Where do p values come in?
In testing our hypothesis with statistical tests, we use p values to make an inference about whether our alternative hypothesis is supported or unsupported. We rely on making inferences in psychology because we’re never going to be able to recruit the whole population into a study to really understand what is actually true; we rely on recruiting a sub-sample of the population into our psychology studies. The difference between a sub-sample and the population is considered as “error” (e.g., sampling error).
- If we do not find an effect (e.g., at p > .05), then we retain the null hypothesis as this assumes no effect.
- If we do find an effect (e.g., at p < .05), then we reject the null hypothesis as this again assumes no effect.

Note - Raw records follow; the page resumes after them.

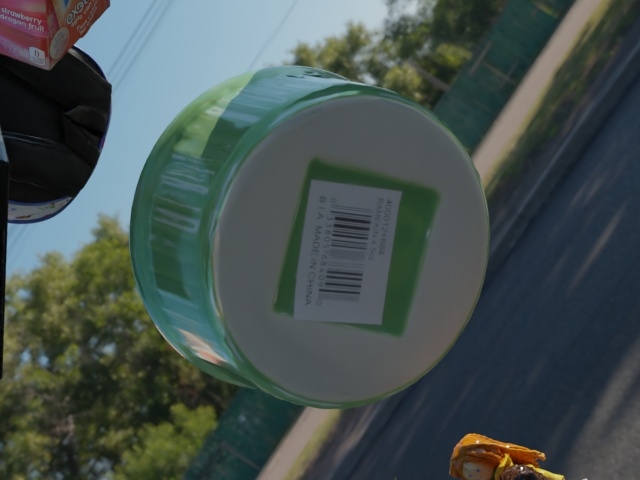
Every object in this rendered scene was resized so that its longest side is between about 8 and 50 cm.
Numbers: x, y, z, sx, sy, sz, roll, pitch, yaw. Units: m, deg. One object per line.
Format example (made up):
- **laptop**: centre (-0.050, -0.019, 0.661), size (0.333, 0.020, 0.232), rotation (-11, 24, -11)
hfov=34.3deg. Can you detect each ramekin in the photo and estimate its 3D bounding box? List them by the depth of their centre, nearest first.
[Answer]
- **ramekin**: centre (0.000, 0.000, 0.905), size (0.303, 0.303, 0.148), rotation (-57, 26, -8)

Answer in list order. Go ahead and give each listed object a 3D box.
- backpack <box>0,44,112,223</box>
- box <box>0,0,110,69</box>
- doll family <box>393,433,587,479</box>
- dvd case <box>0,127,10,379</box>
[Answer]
- **backpack**: centre (-0.387, -0.140, 1.220), size (0.213, 0.263, 0.276), rotation (149, 140, -73)
- **box**: centre (-0.335, -0.277, 0.964), size (0.128, 0.257, 0.122), rotation (101, -168, -48)
- **doll family**: centre (0.124, 0.246, 0.824), size (0.263, 0.163, 0.118), rotation (-46, 8, 21)
- **dvd case**: centre (-0.341, -0.008, 1.060), size (0.180, 0.022, 0.253), rotation (-124, 39, -51)

- We never retain the alternative hypothesis, because there’s always some chance the null hypothesis is true (due to sampling error, as above).
Using p values and statistical significance
Next, to go into the p value in slightly more statistical terms and break it down a bit more… The ‘p‘ in ‘p value’ in psychology means the probability of your finding not having randomly occurred by chance. We usually turn the probability value into a % to make it slightly more interpretable. So in psychology, we use an arbitrary cut off value of .05 (or 5%), where if our finding is p less than .05 (p < .05), then we have a “statistically significant” result. In other words, we have a finding that is 5% likely to have not occurred due to chance.
We usually turn the probability value into a % to make it slightly more interpretable. So in psychology, we generally use an arbitrary cut off value of .05 (or 5%). If our finding is p less than .05 (p < .05), then we have a “statistically significant” result. In other words, we have a finding in our sub-sample that is 5% likely to have not occurred due to chance/randomly.
Consider another example. Let’s say that I explore the correlation between depression scores and anxiety scores in a sample of 500 undergraduate students. The result is p = .03, meaning it is statistically significant (the value is less than a value of .05). Turning this into a % means that there is 3% chance that the null hypothesis is true, and 97% chance that the finding is not due to chance. More specifically, a sub-sample result with a p value as low as this would likely occur only 3% of the time.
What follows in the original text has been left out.